CoBroadcastWithKeyedOperator UML 图
![](https://filescdn.proginn.com/5621d6ca59d25fe9e3a94cf03a9fe1d5/7959e00403f6ac86be634462d85c219a.webp)
可以看到 CoBroadcastWithKeyedOperator 实现了 TwoInputStreamOperator 这个接口,从命名上就能知道,这是一个具有两个输入流的 StreamOperator 接口,因为 CoBroadcastWithKeyedOperator 的上游连接的是两个数据流,所以就实现了这个接口,下面再来看一下 TwoInputStreamOperator 的源码。
TwoInputStreamOperator 源码
/**
* Interface for stream operators with two inputs. Use {@link
* org.apache.flink.streaming.api.operators.AbstractStreamOperator} as a base class if you want to
* implement a custom operator.
*
* @param The input type of the operator
* @param The input type of the operator
* @param The output type of the operator
*/
@PublicEvolving
public interface TwoInputStreamOperator<IN1, IN2, OUT> extends StreamOperator<OUT> {
/**
* Processes one element that arrived on the first input of this two-input operator. This method
* is guaranteed to not be called concurrently with other methods of the operator.
*/
void processElement1(StreamRecord element) throws Exception;
/**
* Processes one element that arrived on the second input of this two-input operator.
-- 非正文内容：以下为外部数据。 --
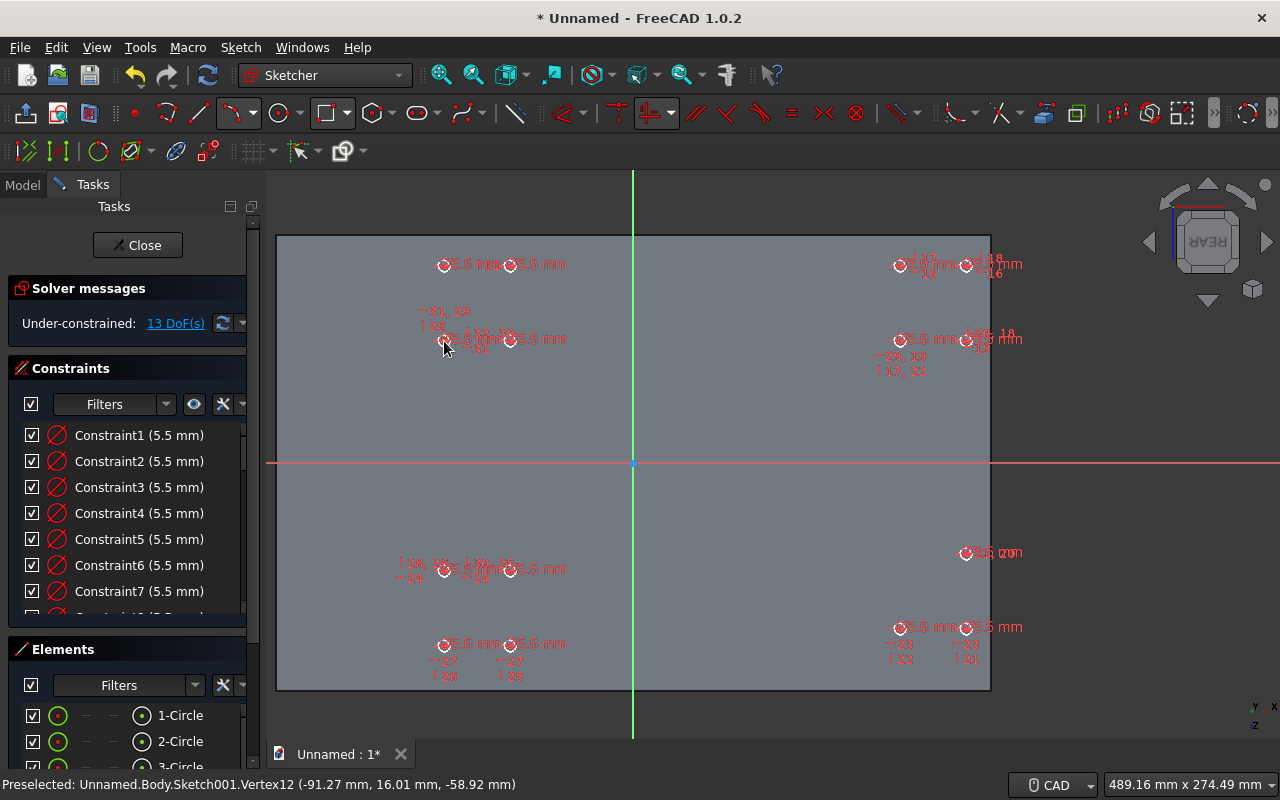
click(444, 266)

This
* method is guaranteed to not be called concurrently with other methods of the operator.
*/
void processElement2(StreamRecord element) throws Exception;
}
TwoInputStreamOperator 接口里面定义了两个方法,其中 processElement1 是用来处理非广播流的数据,processElement2 是用来处理广播流的数据。
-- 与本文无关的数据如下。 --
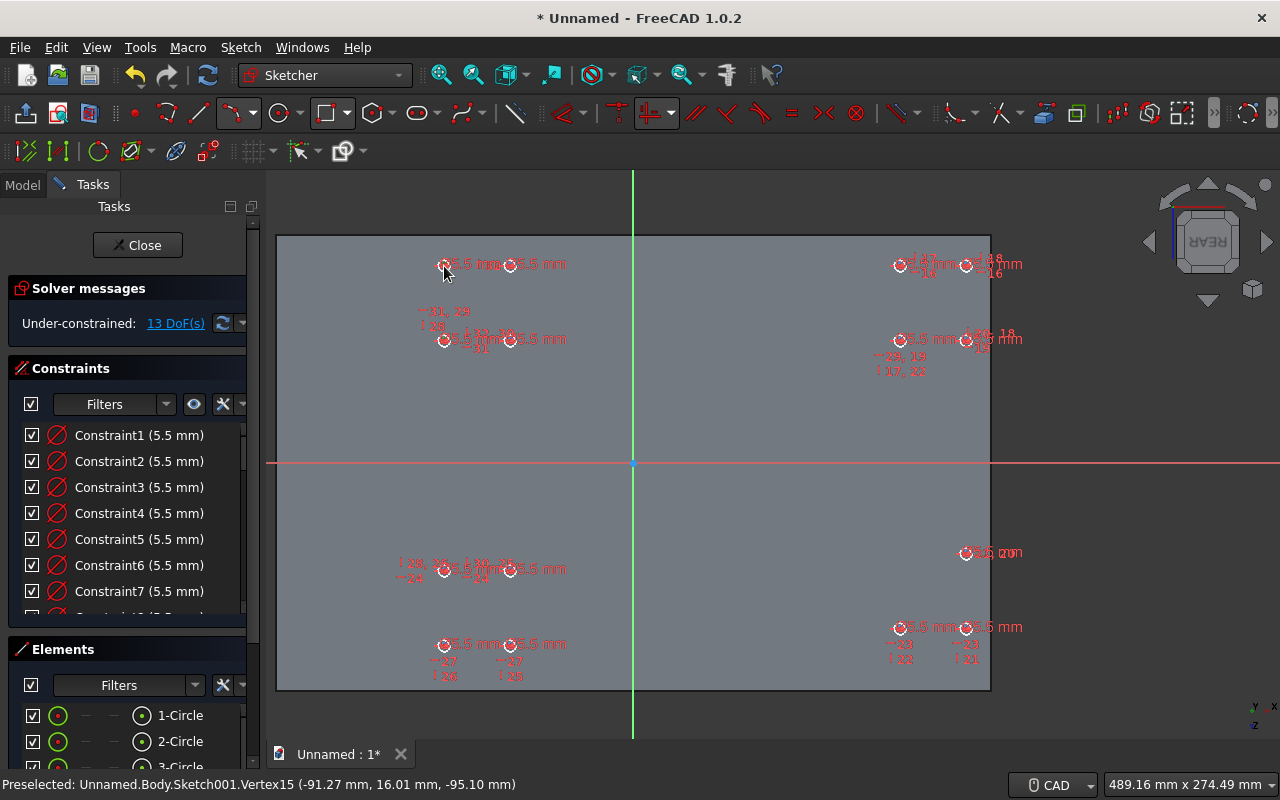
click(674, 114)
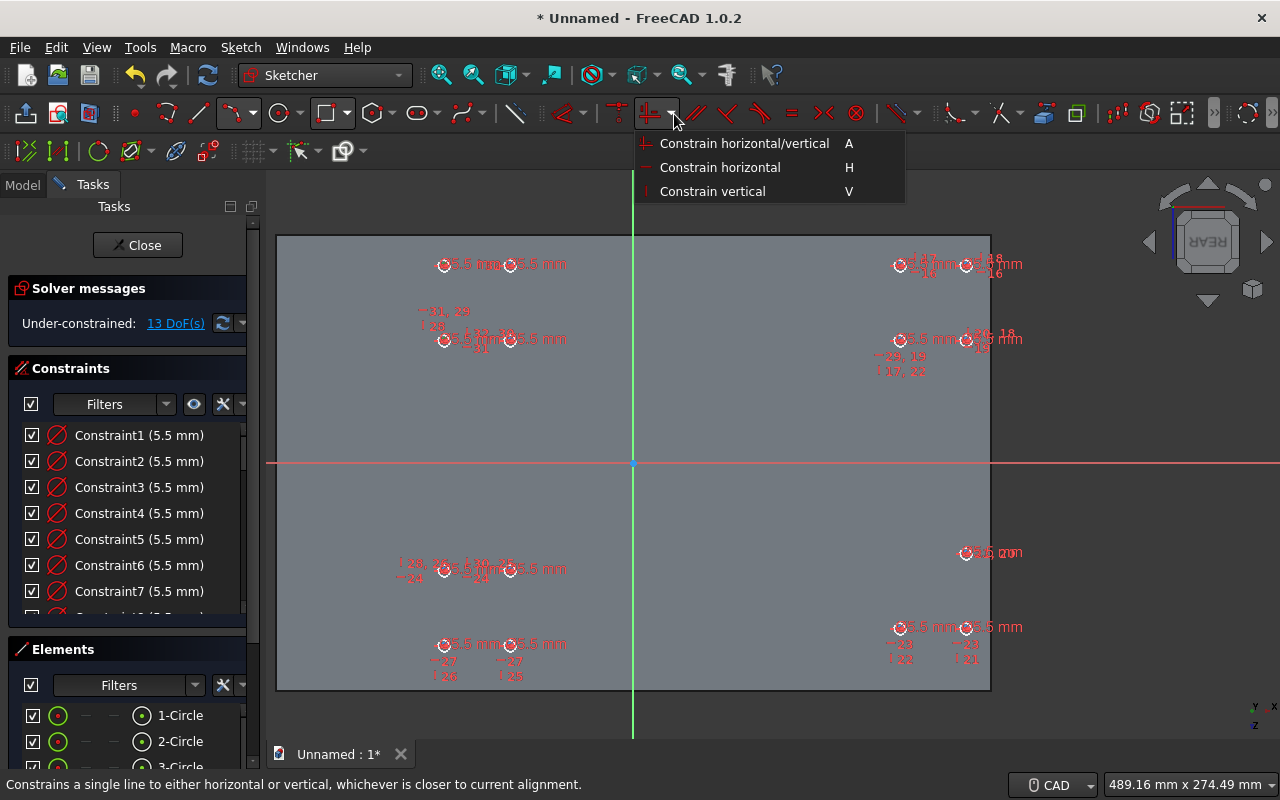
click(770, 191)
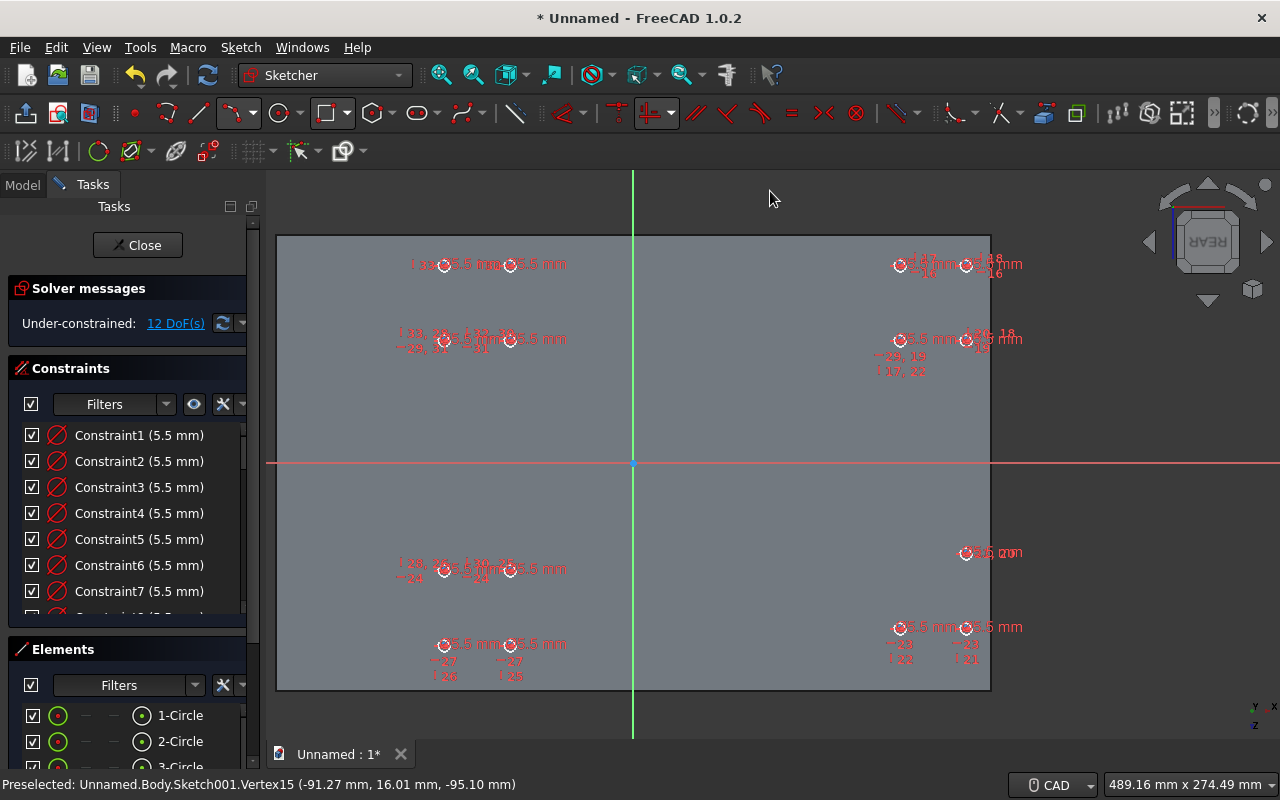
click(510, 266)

接着回到 CoBroadcastWithKeyedOperator 的 open 方法,首先会初始化 broadcastStates,用来保存 MapStateDescriptor -> BroadcastState 的映射关系,然后初始化 ReadWriteContextImpl 和 ReadOnlyContextImpl 对象,顾名思义 ReadWriteContextImpl 是既可以读也可以写状态,ReadOnlyContextImpl 是只能读状态,不能写状态,在 open 方法里面还有一个重要的事情,就是初始化广播状态的实现类。
getBroadcastState 源码
public BroadcastState getBroadcastState(
final MapStateDescriptor stateDescriptor) throws StateMigrationException {
Preconditions.checkNotNull(stateDescriptor);
String name = Preconditions.checkNotNull(stateDescriptor.getName());
BackendWritableBroadcastState previous =
(BackendWritableBroadcastState) accessedBroadcastStatesByName.get(name);
if (previous != null) {
checkStateNameAndMode(
previous.getStateMetaInfo().getName(),
name,
previous.getStateMetaInfo().getAssignmentMode(),
OperatorStateHandle.Mode.BROADCAST);
return previous;
}
stateDescriptor.initializeSerializerUnlessSet(getExecutionConfig());
TypeSerializer broadcastStateKeySerializer =
Preconditions.checkNotNull(stateDescriptor.getKeySerializer());
TypeSerializer broadcastStateValueSerializer =
Preconditions.checkNotNull(stateDescriptor.getValueSerializer());
BackendWritableBroadcastState broadcastState =
(BackendWritableBroadcastState) registeredBroadcastStates.get(name);
if (broadcastState == null) {
broadcastState =
new HeapBroadcastState<>(
new RegisteredBroadcastStateBackendMetaInfo<>(
name,
OperatorStateHandle.Mode.BROADCAST,
broadcastStateKeySerializer,
broadcastStateValueSerializer));
registeredBroadcastStates.put(name, broadcastState);
} else {
// has restored state; check compatibility of new state access
checkStateNameAndMode(
broadcastState.getStateMetaInfo().getName(),
name,
broadcastState.getStateMetaInfo().getAssignmentMode(),
OperatorStateHandle.Mode.BROADCAST);
RegisteredBroadcastStateBackendMetaInfo restoredBroadcastStateMetaInfo =
broadcastState.getStateMetaInfo();
// check whether new serializers are incompatible
TypeSerializerSchemaCompatibility keyCompatibility =
restoredBroadcastStateMetaInfo.updateKeySerializer(broadcastStateKeySerializer);
if (keyCompatibility.isIncompatible()) {
throw new StateMigrationException(
"The new key typeSerializer for broadcast state must not be incompatible.");
}
TypeSerializerSchemaCompatibility valueCompatibility =
restoredBroadcastStateMetaInfo.updateValueSerializer(
broadcastStateValueSerializer);
if (valueCompatibility.isIncompatible()) {
throw new StateMigrationException(
"The new value typeSerializer for broadcast state must not be incompatible.");
}
broadcastState.setStateMetaInfo(restoredBroadcastStateMetaInfo);
}
accessedBroadcastStatesByName.put(name, broadcastState);
return broadcastState;
}
getBroadcastState 方法主要就是初始化 HeapBroadcastState 对象,也就是广播状态的具体实现类,再来看一下 HeapBroadcastState 源码。
HeapBroadcastState 源码
/**
* A {@link BroadcastState Broadcast State} backed a heap-based {@link Map}.
*
* @param The key type of the elements in the {@link BroadcastState Broadcast State}.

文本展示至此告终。